Nigel St Lewis
How I Don’t Make Excuses and Compete on the Highest Level as a Natural Bodybuilder


We talked with Nigel St Lewis in November, 2019. Follow Nigel on Instagram, YouTube, Facebook and Twitter
Country:
United Kingdom
Age:
39 years
Weight:
100 kg
(220 lbs)
Height:
183 cm
(6 ')


Instagram, @nigel_st_lewis - photo by Glyn Dewis

Hi! Tell us about yourself and your training

My name is Nigel St Lewis, I was born on the Caribbean Island of Trinidad and Tobago. I moved to the London, UK at the age of 14 after my father was tragically killed.

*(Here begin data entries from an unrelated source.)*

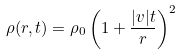<formula> <loc_0><loc_0><loc_500><loc_500>\rho ( r , t ) = \rho _ { 0 } \left ( 1 + \frac { | v | t } { r } \right ) ^ { 2 }</formula> 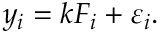<formula> <loc_0><loc_0><loc_500><loc_500>y _ { i } = k F _ { i } + \varepsilon _ { i } .</formula> 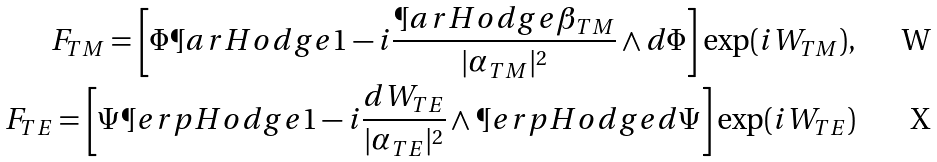<formula> <loc_0><loc_0><loc_500><loc_500>F _ { T M } = \left [ \Phi \P a r H o d g e 1 - i \frac { \P a r H o d g e \beta _ { T M } } { | \alpha _ { T M } | ^ { 2 } } \wedge d \Phi \right ] \exp ( i W _ { T M } ) , \\ F _ { T E } = \left [ \Psi \P e r p H o d g e 1 - i \frac { d W _ { T E } } { | \alpha _ { T E } | ^ { 2 } } \wedge \P e r p H o d g e d \Psi \right ] \exp ( i W _ { T E } )</formula> 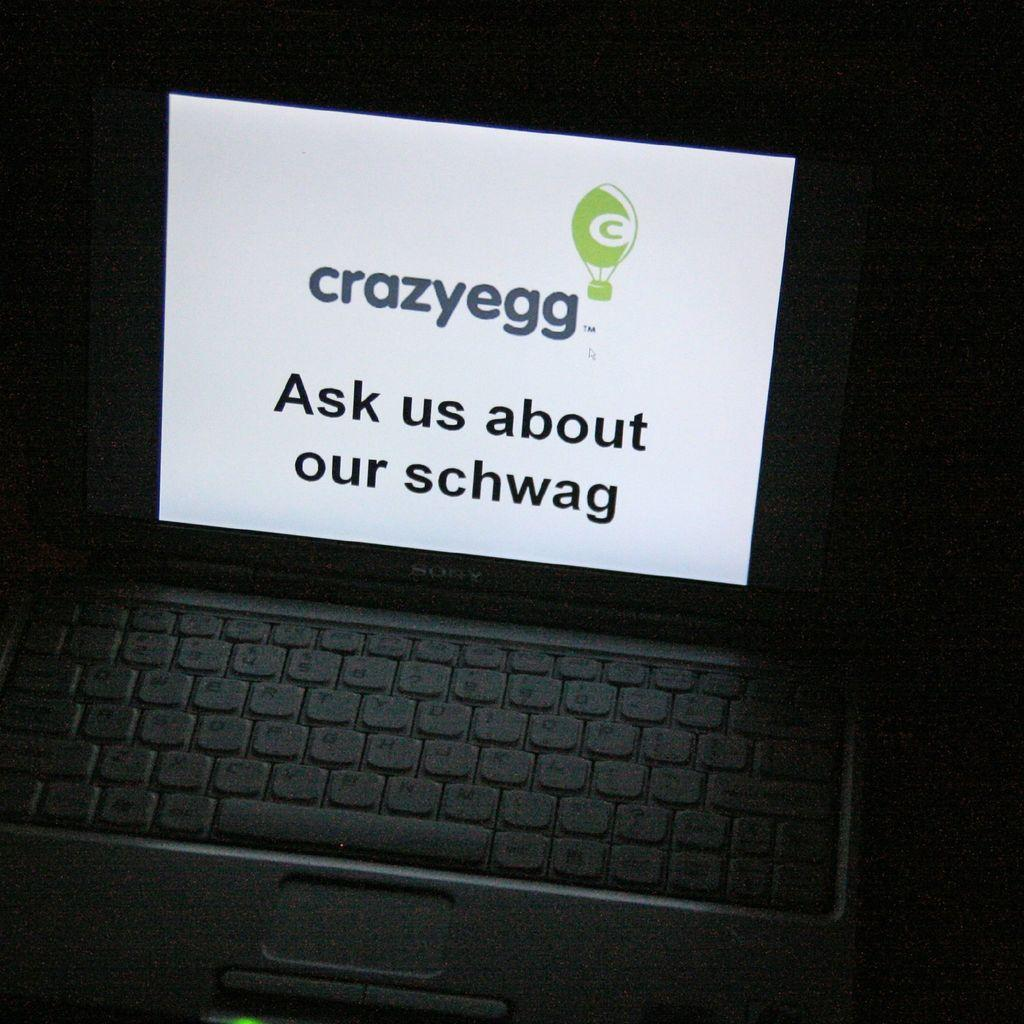<image>
Render a clear and concise summary of the photo. A laptop on display with a white paper that says Crazyegg.

My family especially my grandfather were all sports fanatics. Boxing was his vice. Sadly, he’s no longer with us but I remember vividly, sitting and watching boxing with him on a Saturday night. For those familiar with boxing, this was the “Sugar” Ray Leonard, Marvin Hagler, Roberto Duran, Tommy “The Hitman” Hearns, Mike Tyson, and Evander Holyfield era.

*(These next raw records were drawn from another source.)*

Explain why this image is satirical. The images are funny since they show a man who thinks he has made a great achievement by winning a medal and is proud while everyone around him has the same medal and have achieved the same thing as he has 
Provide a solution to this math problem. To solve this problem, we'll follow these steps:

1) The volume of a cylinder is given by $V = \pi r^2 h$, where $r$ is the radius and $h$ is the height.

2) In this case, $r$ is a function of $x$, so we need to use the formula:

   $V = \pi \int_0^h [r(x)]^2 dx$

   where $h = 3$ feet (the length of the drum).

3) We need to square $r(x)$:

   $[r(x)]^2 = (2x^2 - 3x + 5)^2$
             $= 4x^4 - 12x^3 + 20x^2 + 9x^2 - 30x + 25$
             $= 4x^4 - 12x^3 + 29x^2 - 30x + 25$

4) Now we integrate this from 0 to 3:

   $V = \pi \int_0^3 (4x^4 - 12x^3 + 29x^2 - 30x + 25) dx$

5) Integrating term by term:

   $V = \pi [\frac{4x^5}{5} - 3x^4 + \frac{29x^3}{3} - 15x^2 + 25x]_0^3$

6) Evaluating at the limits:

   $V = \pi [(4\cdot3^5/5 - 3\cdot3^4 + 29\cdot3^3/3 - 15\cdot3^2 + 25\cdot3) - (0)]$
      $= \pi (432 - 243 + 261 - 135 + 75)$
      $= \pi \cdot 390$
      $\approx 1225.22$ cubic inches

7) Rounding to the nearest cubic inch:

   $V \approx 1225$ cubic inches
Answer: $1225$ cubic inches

My fascination with sports grew from then on. I often try to recall when my interest in bodybuilding began and I would put that initial interest down to one of my elder cousins who was massively into the sport.

I fondly remember him making his own barbell and dumbbell from cement and metal poles whilst I watched with interest. This stayed with me right into my late teens when I began lifting myself, with no real clue what I was doing. My only interest was developing a huge chest and biceps in my attempt to impress the opposite sex.

Luckily, I was blessed with genetics, which was something I had no clue of at the time. I got results so I continued in my clueless endeavour. People would often compliment my physique, which massaged my ego so I continued training.

To cut a long story short, in my honest opinion, I don’t think I started training properly until my mid 20s when I began looking into bodybuilding — discovering the likes of Ronnie Coleman and wanting to be like these guys.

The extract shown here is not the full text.